* **EXTRACTED MATERIAL**
--- START ---
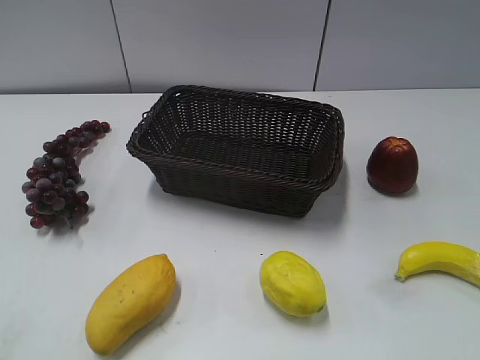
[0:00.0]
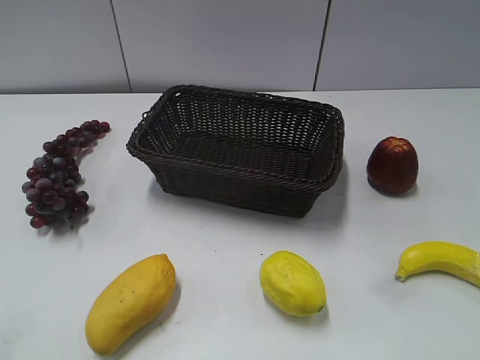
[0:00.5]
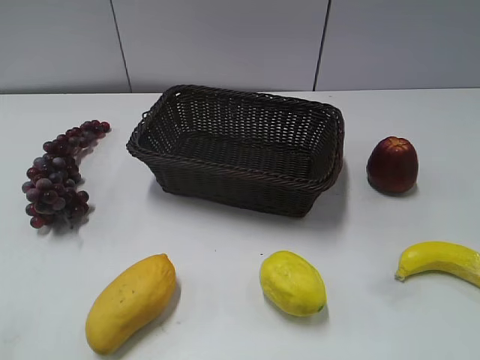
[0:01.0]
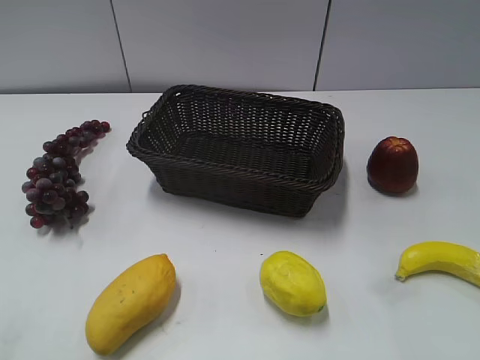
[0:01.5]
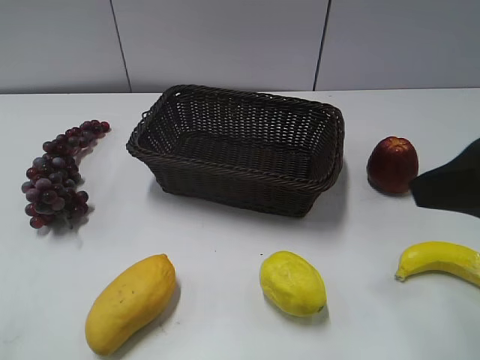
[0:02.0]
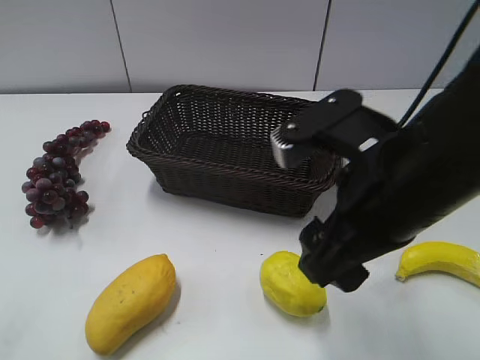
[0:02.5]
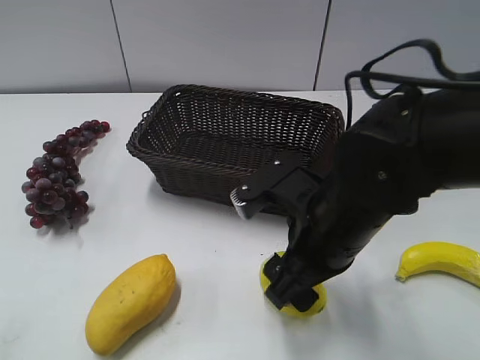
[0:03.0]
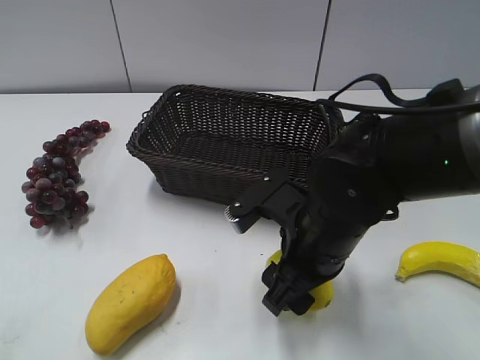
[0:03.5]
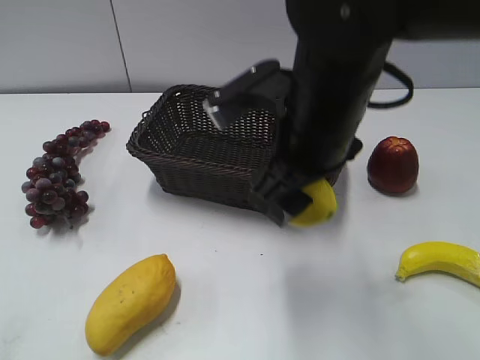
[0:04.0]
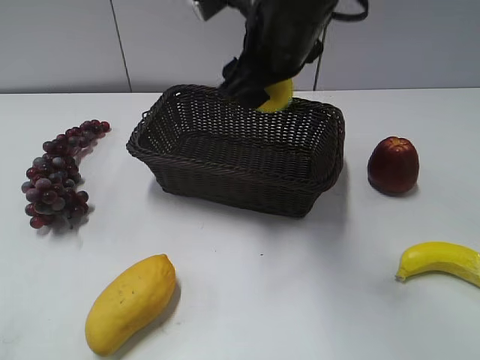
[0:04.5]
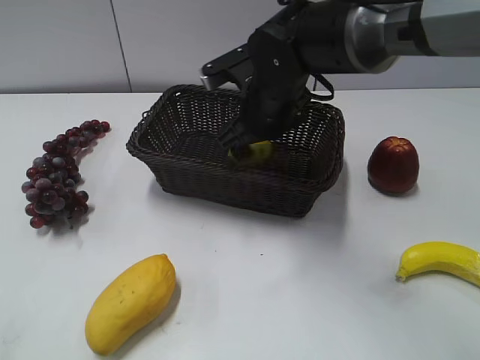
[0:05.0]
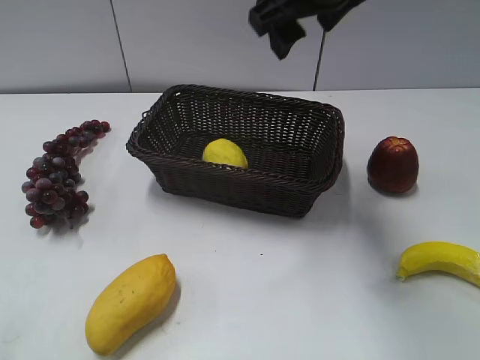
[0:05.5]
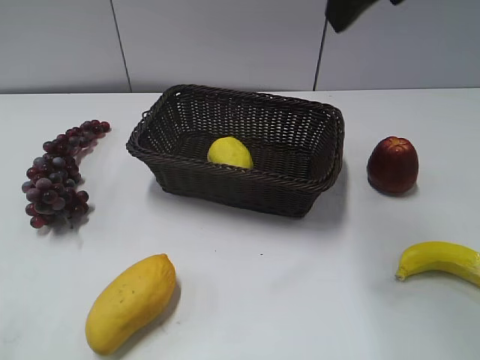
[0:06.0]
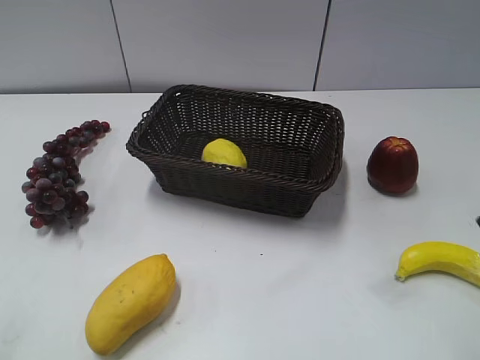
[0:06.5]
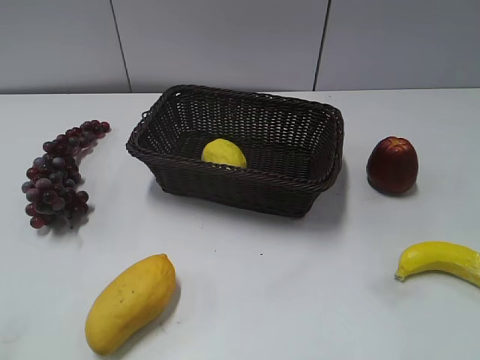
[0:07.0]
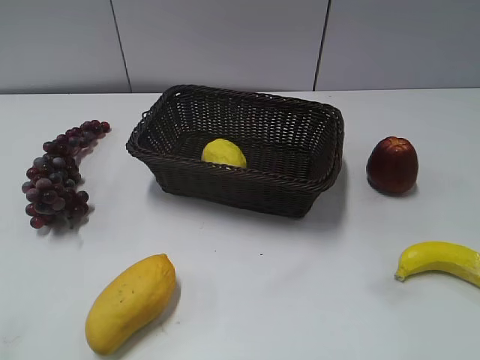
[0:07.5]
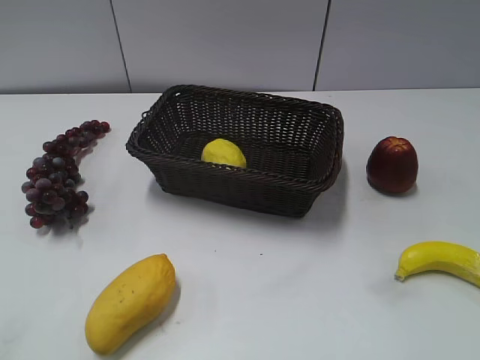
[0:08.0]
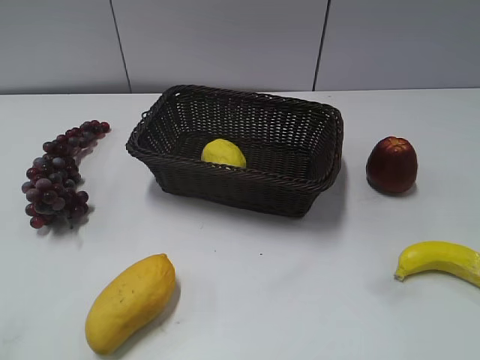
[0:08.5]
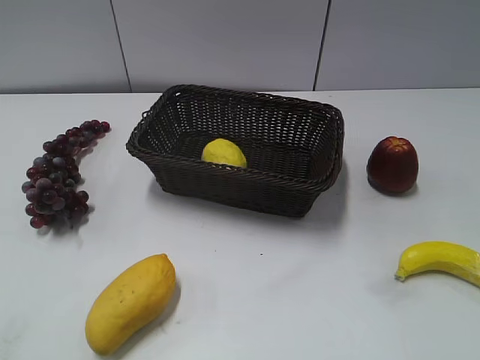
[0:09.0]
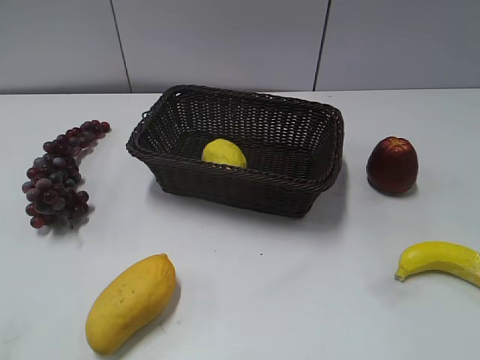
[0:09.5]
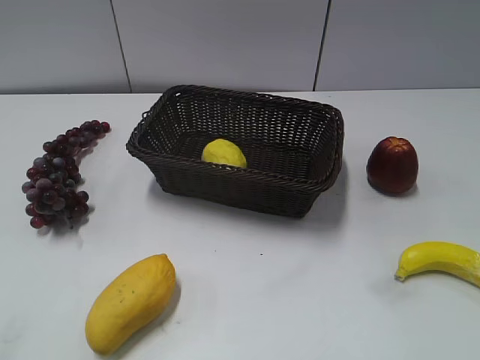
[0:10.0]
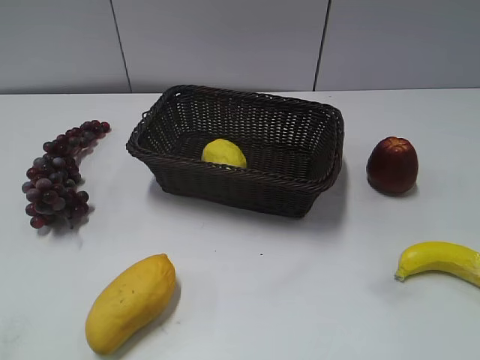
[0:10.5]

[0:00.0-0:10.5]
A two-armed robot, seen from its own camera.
Step, 0:02.0 to 0:03.5: Grasp the lemon with right gripper.
Step, 0:04.0 to 0:04.5: Place the lemon in the basket with right gripper.
0:02.0 to 0:04.0: The right gripper goes about 20 cm to the left, forward and downward.
0:04.0 to 0:06.5: The right gripper swings up and down, approximately 25 cm each way, with 3 reversals.
--- END ---
Copy the listing above verbatim, leaving out pictures.

[0:00.0]
[0:00.5]
[0:01.0]
[0:01.5]
[0:02.0]
[0:02.5]
[0:03.0]
[0:03.5]
[0:04.0]
[0:04.5]
[0:05.0]
[0:05.5]
[0:06.0]
[0:06.5]
[0:07.0]
[0:07.5]
[0:08.0]
[0:08.5]
[0:09.0]
[0:09.5]
[0:10.0]
[0:10.5]

[0:00.0-0:10.5]
A two-armed robot, seen from its own camera.
Step, 0:02.0 to 0:03.5: Grasp the lemon with right gripper.
Step, 0:04.0 to 0:04.5: Place the lemon in the basket with right gripper.
0:02.0 to 0:04.0: The right gripper goes about 20 cm to the left, forward and downward.
0:04.0 to 0:06.5: The right gripper swings up and down, approximately 25 cm each way, with 3 reversals.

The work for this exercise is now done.